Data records

Segment Open

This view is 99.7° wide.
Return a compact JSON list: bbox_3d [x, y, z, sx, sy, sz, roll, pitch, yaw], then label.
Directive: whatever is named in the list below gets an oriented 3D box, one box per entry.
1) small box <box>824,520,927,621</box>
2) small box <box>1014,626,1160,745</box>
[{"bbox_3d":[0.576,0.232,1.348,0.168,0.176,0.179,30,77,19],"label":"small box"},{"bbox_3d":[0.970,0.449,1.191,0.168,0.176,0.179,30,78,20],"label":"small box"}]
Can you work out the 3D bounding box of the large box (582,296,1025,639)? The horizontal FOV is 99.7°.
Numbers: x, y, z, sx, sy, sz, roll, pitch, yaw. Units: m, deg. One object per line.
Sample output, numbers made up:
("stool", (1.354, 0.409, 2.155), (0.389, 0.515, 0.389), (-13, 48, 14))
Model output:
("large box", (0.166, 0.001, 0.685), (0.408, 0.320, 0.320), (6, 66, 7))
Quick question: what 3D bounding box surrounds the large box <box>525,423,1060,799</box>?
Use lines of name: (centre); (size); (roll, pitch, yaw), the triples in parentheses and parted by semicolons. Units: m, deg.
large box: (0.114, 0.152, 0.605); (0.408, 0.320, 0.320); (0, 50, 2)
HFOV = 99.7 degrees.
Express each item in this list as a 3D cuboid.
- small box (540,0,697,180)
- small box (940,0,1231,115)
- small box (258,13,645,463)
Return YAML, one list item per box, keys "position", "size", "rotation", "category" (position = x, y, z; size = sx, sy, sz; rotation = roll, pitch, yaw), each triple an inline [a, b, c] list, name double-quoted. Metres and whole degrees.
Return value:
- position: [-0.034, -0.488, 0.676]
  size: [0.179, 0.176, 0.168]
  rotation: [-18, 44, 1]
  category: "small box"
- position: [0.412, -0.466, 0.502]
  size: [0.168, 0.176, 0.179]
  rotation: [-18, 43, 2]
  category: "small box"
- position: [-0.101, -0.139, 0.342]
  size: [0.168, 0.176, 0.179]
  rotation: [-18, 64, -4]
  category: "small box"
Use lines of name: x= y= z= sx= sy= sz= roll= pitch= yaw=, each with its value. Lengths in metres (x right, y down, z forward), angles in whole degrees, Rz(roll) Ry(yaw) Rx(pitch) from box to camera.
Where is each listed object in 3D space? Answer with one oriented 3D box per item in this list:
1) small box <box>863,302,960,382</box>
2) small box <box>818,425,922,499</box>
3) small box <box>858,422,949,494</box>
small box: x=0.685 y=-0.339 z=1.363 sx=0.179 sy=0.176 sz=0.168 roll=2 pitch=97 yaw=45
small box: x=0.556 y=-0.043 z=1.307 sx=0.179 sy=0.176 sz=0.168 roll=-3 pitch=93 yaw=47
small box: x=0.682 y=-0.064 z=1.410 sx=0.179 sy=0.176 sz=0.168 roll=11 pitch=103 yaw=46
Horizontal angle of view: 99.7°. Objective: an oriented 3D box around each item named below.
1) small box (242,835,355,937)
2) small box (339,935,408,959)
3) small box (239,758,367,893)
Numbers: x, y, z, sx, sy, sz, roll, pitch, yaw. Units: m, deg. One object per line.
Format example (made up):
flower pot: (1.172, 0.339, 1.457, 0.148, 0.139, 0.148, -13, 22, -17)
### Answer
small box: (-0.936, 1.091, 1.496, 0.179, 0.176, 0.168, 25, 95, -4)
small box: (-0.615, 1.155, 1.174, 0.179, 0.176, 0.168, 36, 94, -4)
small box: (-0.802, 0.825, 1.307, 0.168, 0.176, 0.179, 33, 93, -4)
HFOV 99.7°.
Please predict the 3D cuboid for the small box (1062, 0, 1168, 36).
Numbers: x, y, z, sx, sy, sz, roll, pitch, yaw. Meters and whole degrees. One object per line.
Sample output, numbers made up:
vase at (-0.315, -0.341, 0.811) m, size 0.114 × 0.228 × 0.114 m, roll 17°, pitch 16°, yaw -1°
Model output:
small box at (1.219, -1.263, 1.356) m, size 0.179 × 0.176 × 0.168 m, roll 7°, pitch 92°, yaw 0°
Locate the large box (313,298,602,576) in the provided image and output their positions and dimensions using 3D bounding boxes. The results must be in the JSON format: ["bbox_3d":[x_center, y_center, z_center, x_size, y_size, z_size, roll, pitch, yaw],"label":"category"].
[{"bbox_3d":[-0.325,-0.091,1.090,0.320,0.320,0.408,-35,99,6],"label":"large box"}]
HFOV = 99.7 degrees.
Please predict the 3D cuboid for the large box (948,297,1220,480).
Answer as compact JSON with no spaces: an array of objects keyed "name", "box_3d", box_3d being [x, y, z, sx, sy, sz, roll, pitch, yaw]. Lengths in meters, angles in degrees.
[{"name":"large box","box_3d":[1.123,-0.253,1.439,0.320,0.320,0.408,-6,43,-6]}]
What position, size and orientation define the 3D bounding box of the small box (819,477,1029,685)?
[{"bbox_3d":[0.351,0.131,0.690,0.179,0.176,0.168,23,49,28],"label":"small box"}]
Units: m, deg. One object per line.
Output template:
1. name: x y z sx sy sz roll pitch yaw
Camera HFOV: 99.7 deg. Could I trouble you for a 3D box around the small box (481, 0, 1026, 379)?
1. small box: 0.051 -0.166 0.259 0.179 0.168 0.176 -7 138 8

Segment Closed

What the exercise asks: Please return the lines above that run from the line containing "Return YAML, one" to the line containing "2) small box <box>818,425,922,499</box>", inclusive, exactly and with no other lines.

Exercise output:
Return YAML, one list item per box, keys "position", "size", "rotation", "category" (position = x, y, z; size = sx, sy, sz; rotation = roll, pitch, yaw), each triple an inline [a, b, c] list, name double-quoted. Metres and whole degrees.
Return value:
- position: [-0.034, -0.488, 0.676]
  size: [0.179, 0.176, 0.168]
  rotation: [-18, 44, 1]
  category: "small box"
- position: [0.412, -0.466, 0.502]
  size: [0.168, 0.176, 0.179]
  rotation: [-18, 43, 2]
  category: "small box"
- position: [-0.101, -0.139, 0.342]
  size: [0.168, 0.176, 0.179]
  rotation: [-18, 64, -4]
  category: "small box"
Use lines of name: x= y= z= sx= sy= sz= roll= pitch= yaw=, each with its value. Lengths in metres (x right, y down, z forward), angles in whole degrees, Rz(roll) Ry(yaw) Rx(pitch) from box to camera.
Where is each listed object in 3D space? Answer with one oriented 3D box per item in this list:
1) small box <box>863,302,960,382</box>
2) small box <box>818,425,922,499</box>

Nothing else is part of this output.